** Materials provided follows **
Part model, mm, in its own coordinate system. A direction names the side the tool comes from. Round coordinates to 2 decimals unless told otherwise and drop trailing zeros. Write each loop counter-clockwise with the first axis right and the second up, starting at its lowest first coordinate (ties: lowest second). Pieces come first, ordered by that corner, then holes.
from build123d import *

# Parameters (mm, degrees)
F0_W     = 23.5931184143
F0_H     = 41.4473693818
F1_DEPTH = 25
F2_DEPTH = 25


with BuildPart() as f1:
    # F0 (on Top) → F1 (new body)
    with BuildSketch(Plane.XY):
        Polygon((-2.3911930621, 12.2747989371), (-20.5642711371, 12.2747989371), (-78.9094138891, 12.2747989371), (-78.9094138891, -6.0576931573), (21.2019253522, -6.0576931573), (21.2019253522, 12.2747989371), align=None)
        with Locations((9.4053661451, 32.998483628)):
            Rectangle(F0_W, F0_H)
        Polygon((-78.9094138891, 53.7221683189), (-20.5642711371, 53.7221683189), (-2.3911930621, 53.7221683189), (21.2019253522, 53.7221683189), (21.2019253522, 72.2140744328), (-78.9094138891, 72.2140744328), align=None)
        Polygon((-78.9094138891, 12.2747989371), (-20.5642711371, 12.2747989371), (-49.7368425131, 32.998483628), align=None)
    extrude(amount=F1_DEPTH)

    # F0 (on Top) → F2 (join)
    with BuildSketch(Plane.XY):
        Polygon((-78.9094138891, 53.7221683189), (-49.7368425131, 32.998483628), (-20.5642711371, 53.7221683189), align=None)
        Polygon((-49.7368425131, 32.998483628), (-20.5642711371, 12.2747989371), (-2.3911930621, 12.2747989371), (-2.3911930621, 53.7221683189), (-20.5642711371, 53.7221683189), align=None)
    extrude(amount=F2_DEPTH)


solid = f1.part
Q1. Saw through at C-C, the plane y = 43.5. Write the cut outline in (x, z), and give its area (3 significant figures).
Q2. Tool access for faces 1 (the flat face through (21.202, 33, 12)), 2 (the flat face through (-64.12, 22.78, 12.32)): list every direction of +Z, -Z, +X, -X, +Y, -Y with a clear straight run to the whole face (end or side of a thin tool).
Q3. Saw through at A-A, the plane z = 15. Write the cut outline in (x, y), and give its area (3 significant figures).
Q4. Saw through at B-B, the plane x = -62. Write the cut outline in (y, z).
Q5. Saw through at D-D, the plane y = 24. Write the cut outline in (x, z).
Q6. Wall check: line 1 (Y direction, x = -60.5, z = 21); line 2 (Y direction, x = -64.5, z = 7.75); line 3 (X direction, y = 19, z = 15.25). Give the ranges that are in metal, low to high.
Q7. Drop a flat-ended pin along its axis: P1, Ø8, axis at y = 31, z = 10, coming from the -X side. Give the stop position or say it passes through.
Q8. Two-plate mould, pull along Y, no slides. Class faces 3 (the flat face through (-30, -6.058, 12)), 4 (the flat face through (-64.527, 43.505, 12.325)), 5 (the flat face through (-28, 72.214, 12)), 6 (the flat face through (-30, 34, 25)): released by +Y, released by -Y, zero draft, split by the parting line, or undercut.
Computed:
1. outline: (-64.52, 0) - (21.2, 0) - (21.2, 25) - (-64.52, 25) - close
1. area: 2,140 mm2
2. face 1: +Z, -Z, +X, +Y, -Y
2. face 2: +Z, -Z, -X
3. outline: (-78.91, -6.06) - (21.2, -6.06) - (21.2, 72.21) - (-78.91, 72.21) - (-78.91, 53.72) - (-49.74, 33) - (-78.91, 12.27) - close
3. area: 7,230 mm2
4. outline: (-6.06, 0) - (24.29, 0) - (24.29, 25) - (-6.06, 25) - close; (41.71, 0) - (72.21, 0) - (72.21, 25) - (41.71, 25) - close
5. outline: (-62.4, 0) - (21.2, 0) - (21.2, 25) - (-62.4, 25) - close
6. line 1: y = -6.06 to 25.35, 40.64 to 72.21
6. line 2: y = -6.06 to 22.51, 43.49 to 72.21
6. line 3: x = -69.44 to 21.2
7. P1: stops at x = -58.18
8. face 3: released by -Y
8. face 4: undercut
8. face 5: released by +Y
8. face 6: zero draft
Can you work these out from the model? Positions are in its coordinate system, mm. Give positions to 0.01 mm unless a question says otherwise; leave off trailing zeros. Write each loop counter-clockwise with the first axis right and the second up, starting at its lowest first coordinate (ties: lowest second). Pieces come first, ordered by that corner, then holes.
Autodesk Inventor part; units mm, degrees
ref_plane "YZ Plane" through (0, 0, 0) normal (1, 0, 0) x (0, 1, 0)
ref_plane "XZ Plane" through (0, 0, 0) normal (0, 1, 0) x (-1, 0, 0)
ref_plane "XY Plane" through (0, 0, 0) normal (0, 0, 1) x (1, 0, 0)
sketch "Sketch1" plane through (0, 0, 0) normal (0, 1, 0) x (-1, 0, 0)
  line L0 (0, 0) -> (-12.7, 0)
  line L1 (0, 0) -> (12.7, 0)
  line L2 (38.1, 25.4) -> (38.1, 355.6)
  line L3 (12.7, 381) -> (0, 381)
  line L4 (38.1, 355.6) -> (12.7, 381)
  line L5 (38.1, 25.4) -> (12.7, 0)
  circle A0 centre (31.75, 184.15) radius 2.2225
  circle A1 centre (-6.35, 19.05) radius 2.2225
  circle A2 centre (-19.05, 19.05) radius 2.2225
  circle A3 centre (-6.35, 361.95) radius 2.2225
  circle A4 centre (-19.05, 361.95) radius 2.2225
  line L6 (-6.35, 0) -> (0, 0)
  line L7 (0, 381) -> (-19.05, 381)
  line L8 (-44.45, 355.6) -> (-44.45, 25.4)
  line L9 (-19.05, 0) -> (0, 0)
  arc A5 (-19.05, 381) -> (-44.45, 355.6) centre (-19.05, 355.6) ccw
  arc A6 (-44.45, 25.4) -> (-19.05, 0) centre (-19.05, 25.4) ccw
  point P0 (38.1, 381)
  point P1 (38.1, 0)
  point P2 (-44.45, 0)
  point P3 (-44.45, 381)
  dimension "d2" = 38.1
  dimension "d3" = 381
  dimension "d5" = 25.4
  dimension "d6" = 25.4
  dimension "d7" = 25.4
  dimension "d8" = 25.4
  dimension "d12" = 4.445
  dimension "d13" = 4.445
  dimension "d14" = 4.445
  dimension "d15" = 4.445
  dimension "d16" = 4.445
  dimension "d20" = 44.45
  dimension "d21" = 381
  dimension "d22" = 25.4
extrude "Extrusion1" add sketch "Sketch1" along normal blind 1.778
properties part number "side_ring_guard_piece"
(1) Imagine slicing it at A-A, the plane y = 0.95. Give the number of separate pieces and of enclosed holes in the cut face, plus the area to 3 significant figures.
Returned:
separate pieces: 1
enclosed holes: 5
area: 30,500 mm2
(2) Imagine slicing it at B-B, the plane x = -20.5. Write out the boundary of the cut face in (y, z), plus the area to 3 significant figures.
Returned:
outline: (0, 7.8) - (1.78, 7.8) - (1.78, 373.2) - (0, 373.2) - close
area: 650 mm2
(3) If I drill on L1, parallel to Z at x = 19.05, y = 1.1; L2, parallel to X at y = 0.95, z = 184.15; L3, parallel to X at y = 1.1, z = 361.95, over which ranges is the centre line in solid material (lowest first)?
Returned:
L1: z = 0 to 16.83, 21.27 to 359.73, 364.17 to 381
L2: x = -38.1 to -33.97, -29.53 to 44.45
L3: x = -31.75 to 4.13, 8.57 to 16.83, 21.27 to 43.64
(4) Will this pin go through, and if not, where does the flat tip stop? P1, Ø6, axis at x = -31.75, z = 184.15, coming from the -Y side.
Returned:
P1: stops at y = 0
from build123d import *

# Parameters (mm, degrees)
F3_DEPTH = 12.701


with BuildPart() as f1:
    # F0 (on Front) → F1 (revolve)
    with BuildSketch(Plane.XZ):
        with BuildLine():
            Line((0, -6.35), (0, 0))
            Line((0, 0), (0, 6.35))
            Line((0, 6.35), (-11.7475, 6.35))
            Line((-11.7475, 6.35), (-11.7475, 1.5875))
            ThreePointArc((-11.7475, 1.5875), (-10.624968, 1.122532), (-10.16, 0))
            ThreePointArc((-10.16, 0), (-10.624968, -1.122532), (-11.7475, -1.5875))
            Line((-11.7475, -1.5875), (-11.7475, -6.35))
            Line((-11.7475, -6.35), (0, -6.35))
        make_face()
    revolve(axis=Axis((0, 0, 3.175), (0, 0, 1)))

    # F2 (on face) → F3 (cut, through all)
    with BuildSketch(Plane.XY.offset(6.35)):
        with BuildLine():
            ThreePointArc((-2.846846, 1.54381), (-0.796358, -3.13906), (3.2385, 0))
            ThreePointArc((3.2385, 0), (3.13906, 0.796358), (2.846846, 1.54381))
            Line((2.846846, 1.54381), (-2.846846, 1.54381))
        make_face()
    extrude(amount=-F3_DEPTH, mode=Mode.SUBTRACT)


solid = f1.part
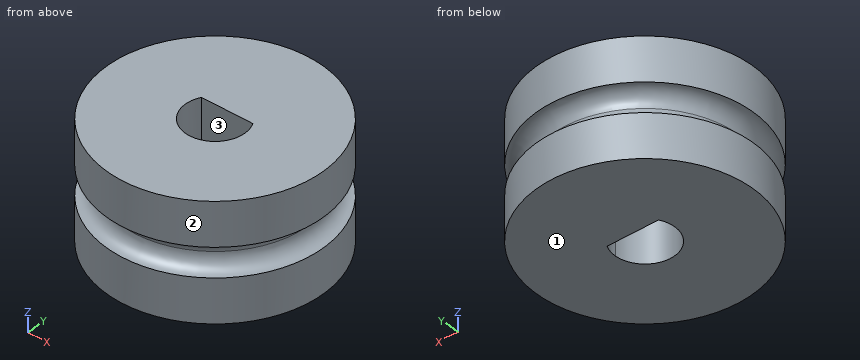
Input: part model. Units: mm. Frame: model coordinates. Face numbers are marked on the shaded views. Coordinates: 2 decimals unless noted, no trailing zeros. Loops run counter-clockwise (first coordinate to the right, second up) from the corner with the lowest first, then second, coordinate; pieces in that order, holes last.
Q1. Material intervals for line 1 (X direction, y = 0, z = 3.5); line 2 (Y direction, x = 0, z = 3.75); line 3 (Y direction, x = 1.75, z = 0.75), sorted ascending.
Q2. Draft query along Y for the marked faces 1, 2 and 3. Return one class per face: +Y half, -Y half, draft (parallel to the pull), parting line (faces both ways), or undercut.
Q3. Cut plane A-A (z = 3.5). Output: boundary loops of the cut face in (x, y) (1 decimal), then the cut area to 3 significant figures.
Q4. Contact query for flat-ended pins moving along their axis: pin 1 (1.5 mm diameter, centred on y = 0.5, z = -2, fed in from +X); pin 2 (2 mm diameter, centred on x = -9, z = 4, fed in from -Y); pin 3 (1.5 mm diameter, centred on y = 8.5, z = -2.5, fed in from +X). Output: stop coordinate, or through.
Working result:
1. line 1: x = -11.75 to -3.24, 3.24 to 11.75
1. line 2: y = -11.75 to -3.24, 1.54 to 11.75
1. line 3: y = -10.2 to -2.72, 1.54 to 10.2
2. face 1: draft
2. face 2: parting line
2. face 3: undercut
3. outline: circle Ø23.5 at (0, 0); hole (-2.8, 1.5) arc R3.2 ccw (long way) to (3.2, 0) arc R3.2 ccw to (2.8, 1.5) - close
3. area: 407 mm2
4. pin 1: stops at x = 11.75
4. pin 2: stops at y = -8.6
4. pin 3: stops at x = 8.83
** End of Materials provided **
• [What the task asks] From the records above, copy each line where the word "radius" can be found.

• [Task result]
  circle A0 centre (31.75, 184.15) radius 2.2225
  circle A1 centre (-6.35, 19.05) radius 2.2225
  circle A2 centre (-19.05, 19.05) radius 2.2225
  circle A3 centre (-6.35, 361.95) radius 2.2225
  circle A4 centre (-19.05, 361.95) radius 2.2225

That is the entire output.